Infine, vorrei riconoscere un fatto: aveva ragione il collega Bono a dire di prestare attenzione ai siti Unesco. Mi permetto di riconoscere all'allora sottosegretario di aver lavorato con grande intelligenza, perché è cresciuto in modo esponenziale il numero di tali siti. Credo che i lasciti positivi vadano considerati con grande attenzione, perché hanno dato un segnale di centralità internazionale al nostro patrimonio. Riconosco al collega Bono di aver lavorato correttamente in questa direzione.
Un'ultima considerazione: la lettura e il libro. Il presidente Folena, giustamente, in questi giorni, nel suo intervento su Liberazione, ha ricordato come l'accesso al bene cultura sia correlato al capitale culturale. Il problema impone uno stretto intreccio tra le politiche del suo ministero e le politiche dell'istruzione. Allora: più storia dell'arte (che ha conosciuto una scarsa attenzione), maggiore centralità all'inglese, ma anche centralità per le nuove tecnologie. Se, oggi, pensiamo che i ragazzini vengono socializzati ai consumi culturali attraverso le nuove tecnologie, è evidente che dobbiamo saper creare condizioni per cui le politiche ministeriali siano attente anche alla contemporaneità. Questo mi sembra veramente un passaggio importante.

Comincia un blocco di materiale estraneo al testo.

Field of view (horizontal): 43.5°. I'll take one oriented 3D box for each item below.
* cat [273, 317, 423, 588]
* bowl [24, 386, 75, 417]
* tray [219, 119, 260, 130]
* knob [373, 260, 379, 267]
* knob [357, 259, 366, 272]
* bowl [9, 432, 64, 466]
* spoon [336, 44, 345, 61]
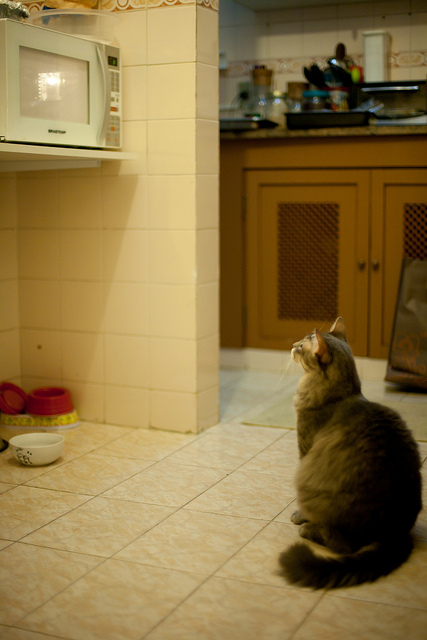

Daremo segnali innovativi, se saremo in grado di creare condizioni di crescita complessiva del capitale culturale. Il nostro paese è strano: si dice, spesso, che è diverso dalla Francia, dove vi è Parigi ed il deserto francese. Noi abbiamo il policentrismo e le cento città: è vero. Però, abbiamo anche le cento periferie. Quanto diceva il collega Del Bue mi convince: stiamo attenti a non declinare una politica su base romanocentrica! È fondamentale che le politiche siano messe nelle condizioni di dialogare con tutti i territori. Penso alla mostra del cinema di Venezia - per rispondere al deputato Del Bue - che rappresenta un fiore all'occhiello nelle politiche di comunicazione internazionale del nostro cinema. Quindi: cinema, spettacolo dal vivo, ridefinizione del cosiddetto codice Urbani, attenzione all'industria musicale, grandi strategie di innovazione.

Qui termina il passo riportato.